Mientras traza un retrato magníficamente
documentado de Marie Curie (al modo en que nos tiene acostumbrados en
reportajes y entrevistas o en libros como Historias
de mujeres, Pasiones o Dictadoras),
mostrándonos sus hitos y los permanentes obstáculos que se vio obligada a ir
saltando o esquivando (siempre hay un peaje extra para una mujer, más cuando
demuestra que es independiente, inteligente, osada, excepcional, más en el
tiempo que le tocó vivir –aunque no hayamos avanzado tanto como creemos, frase
que me consta escribo en demasiadas ocasiones, pero estoy deseando que venga la
realidad a desmentírmela-), Rosa narra la indudable historia de amor y
admiración vivida entre ella y Pierre Curie, sin dulcificar ni edulcorar (algo
que, aunque no tan excesivamente como en otras ocasiones, sí hizo Hollywood en
aquel filme que dirigiese Mervyn LeRoy en 1943 –sobre todo en lo que supone que
alguien como Greer Garson le diese vida, desvirtuando el personaje con su
imperturbable elegancia y feminidad exquisita-), ahonda en el socavón al que se
vio empujada Marie de un momento al siguiente (Pierre murió atropellado cuando
regresaba al hogar familiar), a través de las palabras que sin freno ni pudor
vertió sobre el papel durante ese primer año de viudez, palabras que manaban de
la herida abierta, intentando aplicar su mente científica y analizando su dolor
pero dándole cauce sin miedo al mismo (antes bien, mirando de frente al
enemigo), tomando como trampolín ese breve pero intensísimo y perturbador
diario va pasando revista a su propio duelo, aborda aspectos que cualquiera
reconoce, nos mete en una vorágine que, aunque a alguno pueda provocarle
prevención, nos sana, nos reafirma, nos reconcilia con tantos reproches
injustos como nos hemos hecho, nos entrega un texto maravilloso, íntimo pero
universal, plácido pero vertebrado por un torrente de sentimientos, insólito
por honesto, por desnudo, por despojado de artificio, por rehuir cualquier
esquematismo, emanado por el corazón, dolorosamente sincero y sinceramente
doloroso.
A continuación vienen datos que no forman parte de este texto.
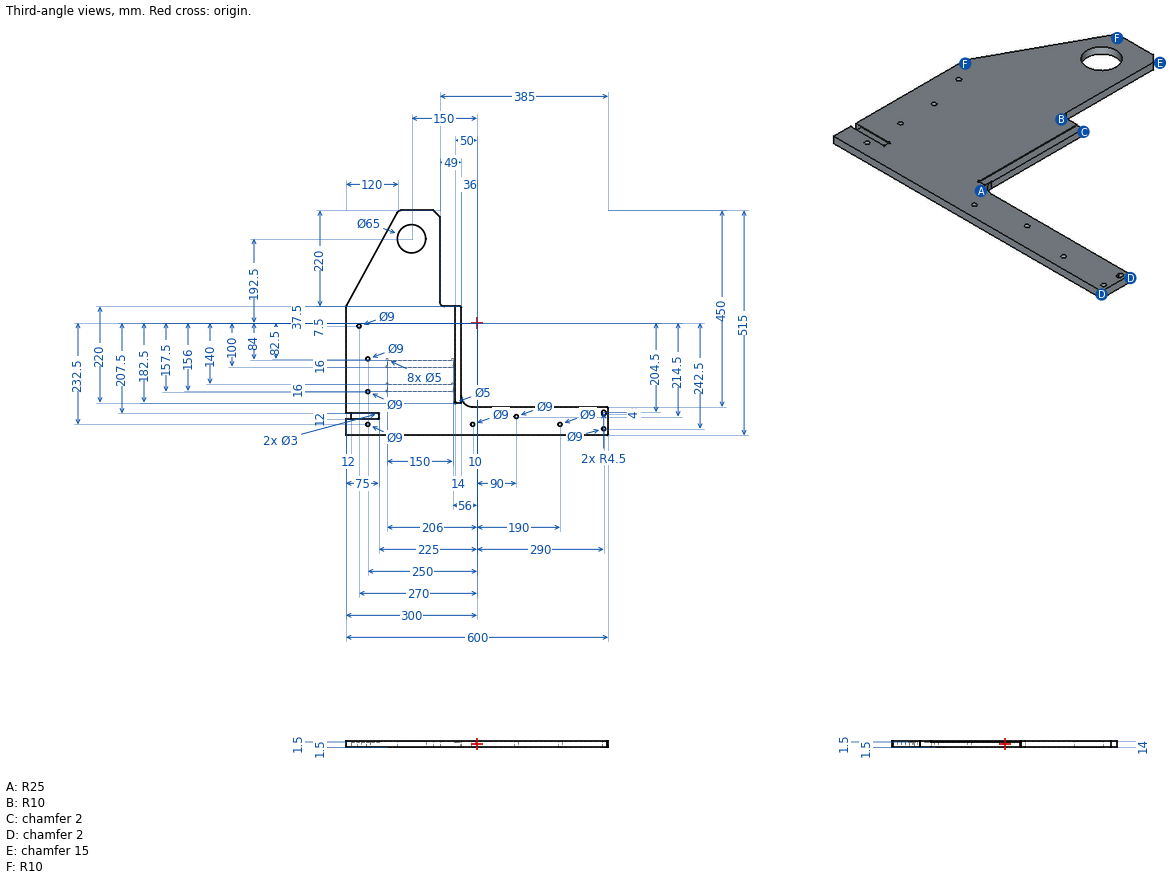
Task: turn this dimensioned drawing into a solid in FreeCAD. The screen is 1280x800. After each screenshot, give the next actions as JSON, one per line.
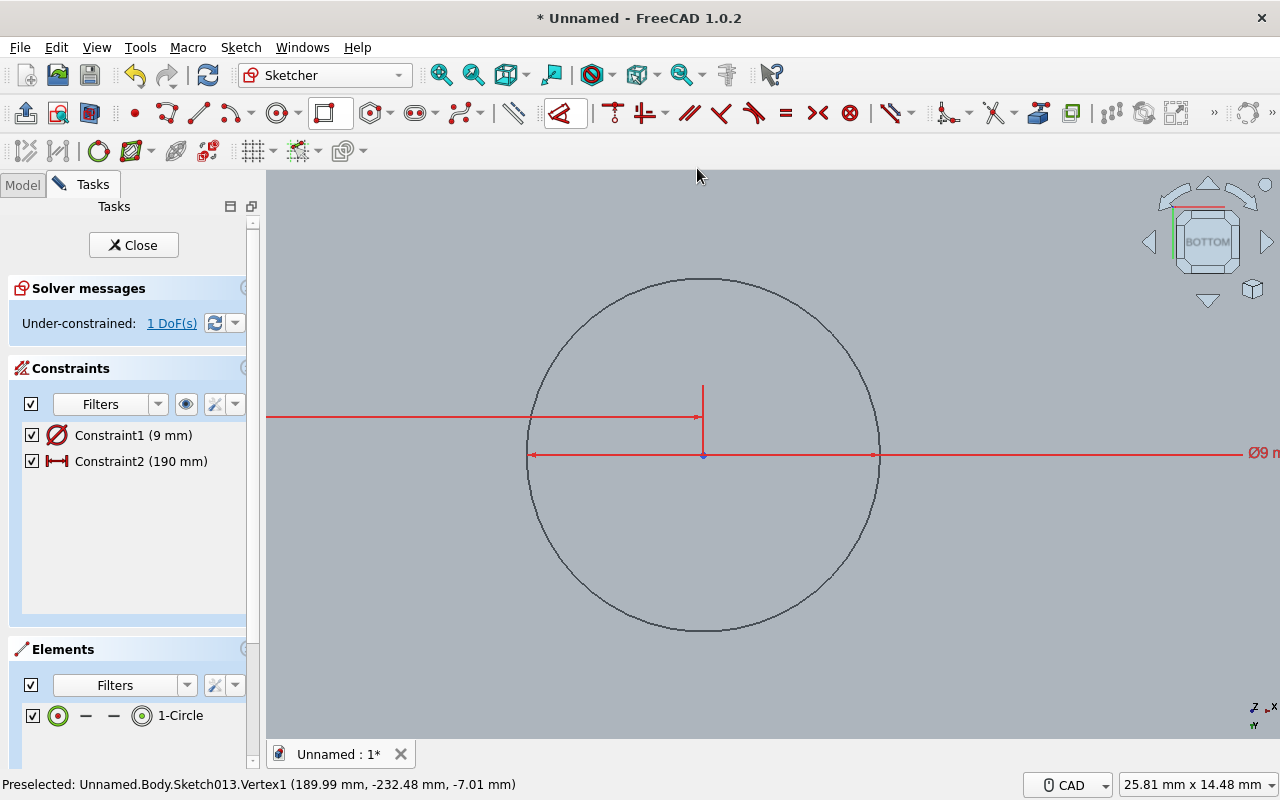
{"action": "left_click", "coordinate": [703, 455]}

Y no pretende engañar a nadie porque, tras evocar cómo, entre la
bruma de las drogas para evitarle el dolor, con la mente confusa, cuando ya era
incapaz de articular palabra y equivocaba el significado de las que lograba
pronunciar, apenas una semana antes de morir, Pablo Lizcano la miró y a su “¿Estás
bien?”, él (“en ese minuto de serenidad perfecta”) con “una sonrisa hermosa y
seductora; y con una ternura absoluta, la mayor ternura con que jamás me habló,
me dijo: <<Mi perrita.>>”, tras asumir que “fue una palabra
rebotada por su cerebro herido, una palabra espejo sacada de otra parte, pero
creo que es lo más hermoso que me han dicho en la vida”, regala un párrafo en
que demuestra lo en serio que se toma el oficio de escribir, el oficio de
vivir, un párrafo que, por sí solo, justifica una trayectoria y engrandece aún
más a la persona, a esa Rosa Montero a la que tantos adoramos y necesitamos: “Lo
que acabo de hacer es el truco más viejo de la Humanidad frente al horror. La creatividad
es justamente esto: un intento alquímico de transmutar el sufrimiento en
belleza. El arte en general, y la literatura en particular, son armas poderosas
contra el Mal y el Dolor. Las novelas no los vencen (son invencibles), pero nos
consuelan del espanto. En primer lugar, porque nos unen al resto de los
humanos: la literatura nos hace formar parte del todo y, en el todo, el dolor
individual parece que duele un poco menos. Pero además el sortilegio funciona
porque, cuando el sufrimiento nos quiebra el espinazo, el arte consigue convertir
ese feo y sucio daño en algo bello. Narro y comparto una noche lacerante y al
hacerlo arranco chispazos de luz a la negrura (al menos, a mí me sirve). Por eso
Conrad escribió El corazón de las
tinieblas: para exorcizar, para neutralizar su experiencia en el Congo, tan
espantosa que casi le volvió loco. Por eso Dickens creó a Oliver Twist y a
David Copperfield: para poder soportar el sufrimiento de su propia infancia. Hay
que hacer algo con todo eso para que no nos destruya, con ese fragor de
desesperación, con el inacabable desprecio, con la furiosa pena de vivir cuando
la vida es cruel. Los humanos nos defendemos del dolor sin sentido adornándolo
con la sensatez de la belleza. Aplastamos carbones con las manos desnudas y a
veces conseguimos que parezcan diamantes”. Uno de esos diamantes se titula La ridícula idea de no volver a verte y
lo firma alguien capaz de encontrar la veta en la que profundizar para
encontrar belleza: Rosa Montero.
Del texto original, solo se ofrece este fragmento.